DESIREE WEBERS

Inventor of Clothes

desiree_webers_shop.jpgDesiree Webers was formally trained as a graphic designer. Although she went to artschool for a short while and had some fashion-technical training, she considers herself mainly as self-taught. She always tries to find new solutions for technical and functional problems. As a child she wanted to be an inventor. She started making clothes as soon as she was big enough to operate her mother’s sewing-machine. As a graphic school student she supported herself by supplying shops with her selfmade fashion. Her very short career as a graphic designer was long enough for her to understand she needed more freedom of expression. She went to art-school, fashion department, to study fashion design, but soon found out the teachers couldn’t teach her anything new. Afterwards she learned to draw patterns at a technical fashion school. Then she was ready to call herself fashion designer or: inventor of clothes.

Form and Content

Nowadays most fashion design is nothing more than styling. Styles from the past are copied, maybe slightly altered, and then presented as brandnew. Retro styles dominate the fashion market for a long time now. Why do people wear these replica’s of past styles? What do they want to communicate? Are they anxious about their status and do they want to pretend they have style? Desiree Webers has always been interested in (non-verbal) communication. At graphic school she learned to present the message in a functional and seductive form in order to communicate succesfully. As fashion designer she never regarded fashion as pure formal design: there is always content, a reason why the form is designed like it is.
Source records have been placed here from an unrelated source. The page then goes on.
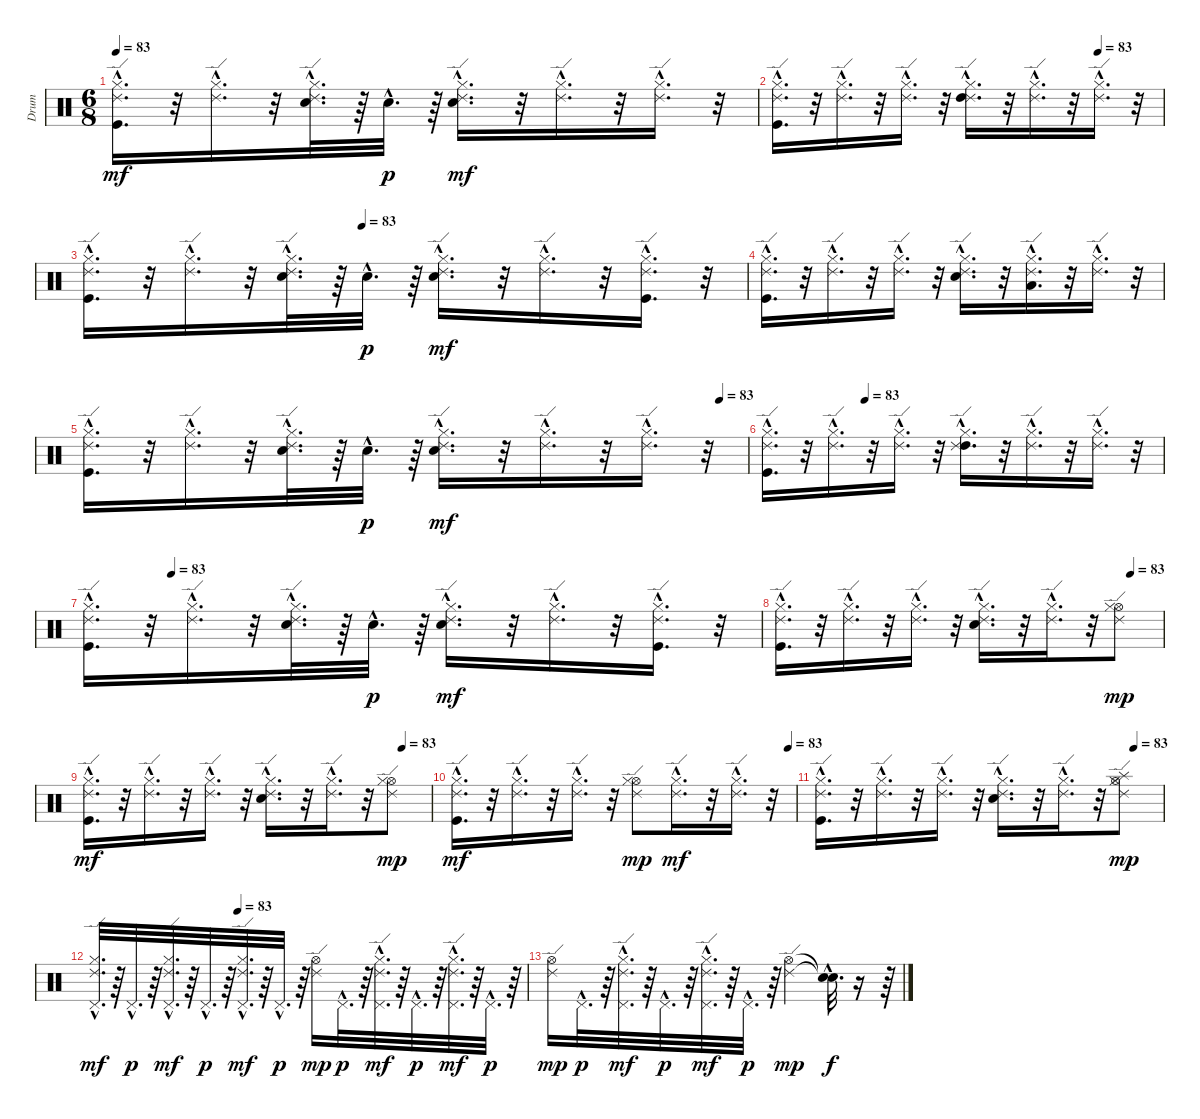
\track ("Drum" "Drum") {instrument percussion}
\staff {score}
\articulation defaults
\ts (6 8)
\tempo 83
\clef neutral
\ks c
("Ride (edge) 2"{hac} "Kick (hit)"{hac} "Hi-Hat (closed)"{hac}).16{d dy mf} r.32 ("Ride (edge) 2"{hac} "Hi-Hat (closed)"{hac}).16{d} r.32 ("Ride (edge) 2"{hac} "Snare (hit) 2"{hac} "Hi-Hat (closed)"{hac}).32{d} r.64 "Snare (hit) 2"{hac}.32{d dy p} r.64 ("Ride (edge) 2"{hac} "Hi-Hat (closed)"{hac} "Snare (hit) 2"{hac}).16{d dy mf} r.32 ("Ride (edge) 2"{hac} "Hi-Hat (closed)"{hac}).16{d} r.32 ("Ride (edge) 2"{hac} "Hi-Hat (closed)"{hac}).16{d} r.32 |
\tempo (83 0.8333333333333334)
("Hi-Hat (closed)"{hac} "Kick (hit)"{hac} "Ride (edge) 2"{hac}).16{d} r.32 ("Hi-Hat (closed)"{hac} "Ride (edge) 2"{hac}).16{d} r.32 ("Hi-Hat (closed)"{hac} "Ride (edge) 2"{hac}).16{d} r.32 ("Ride (edge) 2"{hac} "Hi-Hat (closed)"{hac} "High Tom (hit)"{hac}).16{d} r.32 ("Ride (edge) 2"{hac} "Hi-Hat (closed)"{hac}).16{d} r.32 ("Hi-Hat (closed)"{hac} "Ride (edge) 2"{hac}).16{d} r.32 |
\tempo (83 0.4166666666666667)
("Hi-Hat (closed)"{hac} "Kick (hit)"{hac} "Ride (edge) 2"{hac}).16{d} r.32 ("Hi-Hat (closed)"{hac} "Ride (edge) 2"{hac}).16{d} r.32 ("Hi-Hat (closed)"{hac} "Snare (hit) 2"{hac} "Ride (edge) 2"{hac}).32{d} r.64 "Snare (hit) 2"{hac}.32{d dy p} r.64 ("Snare (hit) 2"{hac} "Hi-Hat (closed)"{hac} "Ride (edge) 2"{hac}).16{d dy mf} r.32 ("Hi-Hat (closed)"{hac} "Ride (edge) 2"{hac}).16{d} r.32 ("Kick (hit)"{hac} "Hi-Hat (closed)"{hac} "Ride (edge) 2"{hac}).16{d} r.32 |
("Ride (edge) 2"{hac} "Hi-Hat (closed)"{hac} "Kick (hit)"{hac}).16{d} r.32 ("Ride (edge) 2"{hac} "Hi-Hat (closed)"{hac}).16{d} r.32 ("Hi-Hat (closed)"{hac} "Ride (edge) 2"{hac}).16{d} r.32 ("Hi-Hat (closed)"{hac} "Ride (edge) 2"{hac} "Snare (hit) 2"{hac}).16{d} r.32 ("Ride (edge) 2"{hac} "Low Tom (hit)"{hac} "Hi-Hat (closed)"{hac}).16{d} r.32 ("Ride (edge) 2"{hac} "Hi-Hat (closed)"{hac}).16{d} r.32 |
\tempo (83 0.9583333333333334)
("Hi-Hat (closed)"{hac} "Kick (hit)"{hac} "Ride (edge) 2"{hac}).16{d} r.32 ("Hi-Hat (closed)"{hac} "Ride (edge) 2"{hac}).16{d} r.32 ("Hi-Hat (closed)"{hac} "Snare (hit) 2"{hac} "Ride (edge) 2"{hac}).32{d} r.64 "Snare (hit) 2"{hac}.32{d dy p} r.64 ("Snare (hit) 2"{hac} "Hi-Hat (closed)"{hac} "Ride (edge) 2"{hac}).16{d dy mf} r.32 ("Hi-Hat (closed)"{hac} "Ride (edge) 2"{hac}).16{d} r.32 ("Hi-Hat (closed)"{hac} "Ride (edge) 2"{hac}).16{d} r.32 |
\tempo (83 0.25)
("Kick (hit)"{hac} "Hi-Hat (closed)"{hac} "Ride (edge) 2"{hac}).16{d} r.32 ("Ride (edge) 2"{hac} "Hi-Hat (closed)"{hac}).16{d} r.32 ("Hi-Hat (closed)"{hac} "Ride (edge) 2"{hac}).16{d} r.32 ("Hi-Hat (closed)"{hac} "High Tom (hit)"{hac} "Ride (edge) 2"{hac}).16{d} r.32 ("Hi-Hat (closed)"{hac} "Ride (edge) 2"{hac}).16{d} r.32 ("Ride (edge) 2"{hac} "Hi-Hat (closed)"{hac}).16{d} r.32 |
\tempo (83 0.125)
("Ride (edge) 2"{hac} "Kick (hit)"{hac} "Hi-Hat (closed)"{hac}).16{d} r.32 ("Ride (edge) 2"{hac} "Hi-Hat (closed)"{hac}).16{d} r.32 ("Ride (edge) 2"{hac} "Snare (hit) 2"{hac} "Hi-Hat (closed)"{hac}).32{d} r.64 "Snare (hit) 2"{hac}.32{d dy p} r.64 ("Ride (edge) 2"{hac} "Hi-Hat (closed)"{hac} "Snare (hit) 2"{hac}).16{d dy mf} r.32 ("Ride (edge) 2"{hac} "Hi-Hat (closed)"{hac}).16{d} r.32 ("Ride (edge) 2"{hac} "Hi-Hat (closed)"{hac} "Kick (hit)"{hac}).16{d} r.32 |
\tempo (83 0.9166666666666666)
("Hi-Hat (closed)"{hac} "Kick (hit)"{hac} "Ride (edge) 2"{hac}).16{d} r.32 ("Hi-Hat (closed)"{hac} "Ride (edge) 2"{hac}).16{d} r.32 ("Ride (edge) 2"{hac} "Hi-Hat (closed)"{hac}).16{d} r.32 ("Hi-Hat (closed)"{hac} "Ride (edge) 2"{hac} "Snare (hit) 2"{hac}).16{d} r.32 ("Hi-Hat (closed)"{hac} "Ride (edge) 2"{hac}).16{d} r.32 ("Hi-Hat (open)" "Hi-Hat (closed)" "Ride (edge) 2").8{dy mp} |
\tempo (83 0.9166666666666666)
("Ride (edge) 2"{hac} "Kick (hit)"{hac} "Hi-Hat (closed)"{hac}).16{d dy mf} r.32 ("Hi-Hat (closed)"{hac} "Ride (edge) 2"{hac}).16{d} r.32 ("Ride (edge) 2"{hac} "Hi-Hat (closed)"{hac}).16{d} r.32 ("Ride (edge) 2"{hac} "Hi-Hat (closed)"{hac} "Snare (hit) 2"{hac}).16{d} r.32 ("Ride (edge) 2"{hac} "Hi-Hat (closed)"{hac}).16{d} r.32 ("Hi-Hat (open)" "Ride (edge) 2" "Hi-Hat (closed)").8{dy mp} |
\tempo (83 0.9791666666666666)
("Ride (edge) 2"{hac} "Hi-Hat (closed)"{hac} "Kick (hit)"{hac}).16{d dy mf} r.32 ("Ride (edge) 2"{hac} "Hi-Hat (closed)"{hac}).16{d} r.32 ("Hi-Hat (closed)"{hac} "Ride (edge) 2"{hac}).16{d} r.32 ("Hi-Hat (open)" "Ride (edge) 2" "Hi-Hat (closed)").8{dy mp} ("Ride (edge) 2"{hac} "Hi-Hat (closed)"{hac}).16{d dy mf} r.32 ("Hi-Hat (closed)"{hac} "Ride (edge) 2"{hac}).16{d} r.32 |
\tempo (83 0.9166666666666666)
("Hi-Hat (closed)"{hac} "Kick (hit)"{hac} "Ride (edge) 2"{hac}).16{d} r.32 ("Ride (edge) 2"{hac} "Hi-Hat (closed)"{hac}).16{d} r.32 ("Hi-Hat (closed)"{hac} "Ride (edge) 2"{hac}).16{d} r.32 ("Snare (hit) 2"{hac} "Hi-Hat (closed)"{hac} "Ride (edge) 2"{hac}).16{d} r.32 ("Hi-Hat (closed)"{hac} "Ride (edge) 2"{hac}).16{d} r.32 ("Splash (hit)" "Hi-Hat (closed)" "Ride (edge) 2" "Hi-Hat (open)").8{dy mp} |
\tempo (83 0.3333333333333333)
("Ride (edge) 2"{hac} "Pedal Hi-Hat (hit)"{hac} "Hi-Hat (closed)"{hac}).32{d dy mf} r.64 "Pedal Hi-Hat (hit)"{hac}.32{d dy p} r.64 ("Ride (edge) 2"{hac} "Pedal Hi-Hat (hit)"{hac} "Hi-Hat (closed)"{hac}).32{d dy mf} r.64 "Pedal Hi-Hat (hit)"{hac}.32{d dy p} r.64 ("Ride (edge) 2"{hac} "Pedal Hi-Hat (hit)"{hac} "Hi-Hat (closed)"{hac}).32{d dy mf} r.64 "Pedal Hi-Hat (hit)"{hac}.32{d dy p} r.64 ("Ride (edge) 2" "Hi-Hat (open)").16{dy mp} "Pedal Hi-Hat (hit)"{hac}.32{d dy p} r.64 ("Pedal Hi-Hat (hit)"{hac} "Hi-Hat (closed)"{hac} "Ride (edge) 2"{hac}).32{d dy mf} r.64 "Pedal Hi-Hat (hit)"{hac}.32{d dy p} r.64 ("Pedal Hi-Hat (hit)"{hac} "Hi-Hat (closed)"{hac} "Ride (edge) 2"{hac}).32{d dy mf} r.64 "Pedal Hi-Hat (hit)"{hac}.32{d dy p} r.64 |
("Ride (edge) 2" "Hi-Hat (open)").16{dy mp} "Pedal Hi-Hat (hit)"{hac}.32{d dy p} r.64 ("Pedal Hi-Hat (hit)"{hac} "Ride (edge) 2"{hac} "Hi-Hat (closed)"{hac}).32{d dy mf} r.64 "Pedal Hi-Hat (hit)"{hac}.32{d dy p} r.64 ("Pedal Hi-Hat (hit)"{hac} "Ride (edge) 2"{hac} "Hi-Hat (closed)"{hac}).32{d dy mf} r.64 "Pedal Hi-Hat (hit)"{hac}.32{d dy p} r.64 ("Hi-Hat (open)" "Ride (edge) 2").4{dy mp} ("Snare (hit)"{hac t} "Snare (hit)"{hac t}).32{d dy f} r.16 r.64

She has certainly never been interested in presenting retro styles to cure social insecurity. Clothes can be so much more interesting and fun!

Concepts

A classic example of her conceptual approach to fashion design is the zipper-dress Desiree Webers designed more than 10 years ago. Because of it’s timeless quality it’s still in production. On first glance it’s a simple dress, but because of the 2 zippers it can be transformed into countless varieties:

The zippers run from the bottom front over the shoulders to the bottom back and have more runners. It’s possible to make splits and openings halfway giving the woman who wears it the opportunity to reflect her mood with her dress, giving signals by playing with her zippers. The zipper series exists of short and long dresses, short and long skirts, garter belts, tops; in leather or pvc.

Sex

People may think they are rational and civilised and that they communicate by speech and writing, but below the surface they are animals, driven by instinct and communicating with their bodies. Since we are animals with clothes on (at least most of the time!), our body-language can be boosted by wearing the right outfit. Uniforms for the police and army, power-suits for the business world, cult gear for the various youth tribes. And the main instinct that unifies us, that keeps mankind alive, is sex. Flirting can be much more succesfull when you wear the right clothes, which accentuate your nice parts and camouflage your maybe not so nice parts. Flirting is also a game of attraction and repulsion. Versatile clothes, with parts that can be opened and closed on strategic places, can be really usefull to play the game. Suggestion is a powerfull ‘weapon’, because it fuels the imagination, like wearing no underwear under half-transparant clothes. Humour can also be very sexy, because it relaxes, disarms and opens the mind for new possibilities.

Humour and Surrealism

Just like sex, humour transcends everyday reality. It brings us in a state where normality is mysterious and funny. Humour is also a great unifying force: it breaks social and cultural boundaries and brings people together. Why then are there so few designers who put a little humour in their designs? No sense of humour? Apparently most designers just want to design pretty clothes. It takes an artistic approach to conceptualise fashion design and transform mere clothes into something else. A vehicle for the imagination, a view of something totally unexpected. Isn’t it much nicer to be surprised by something wonderful than to be surrounded by predictable boredom all the time?

Freedom

All along her career Desiree Webers never cared for the conventions of the fashion industry. She did what she liked to do, never minded trends, being ahead of trends all the time. But when she started to explore the erotic theme ‘normal’ fashion shops declined. She had to switch to erotic shops. But freedom there was also limited because sex is serious business for these shops. They finally couldn’t handle the humour and imagination of her designs. So there was no other solution left than to start her own shop. A shop beyond all categories, ignoring conventions of fashion-, erotic- and clubwear-shops. Webers Holland was born.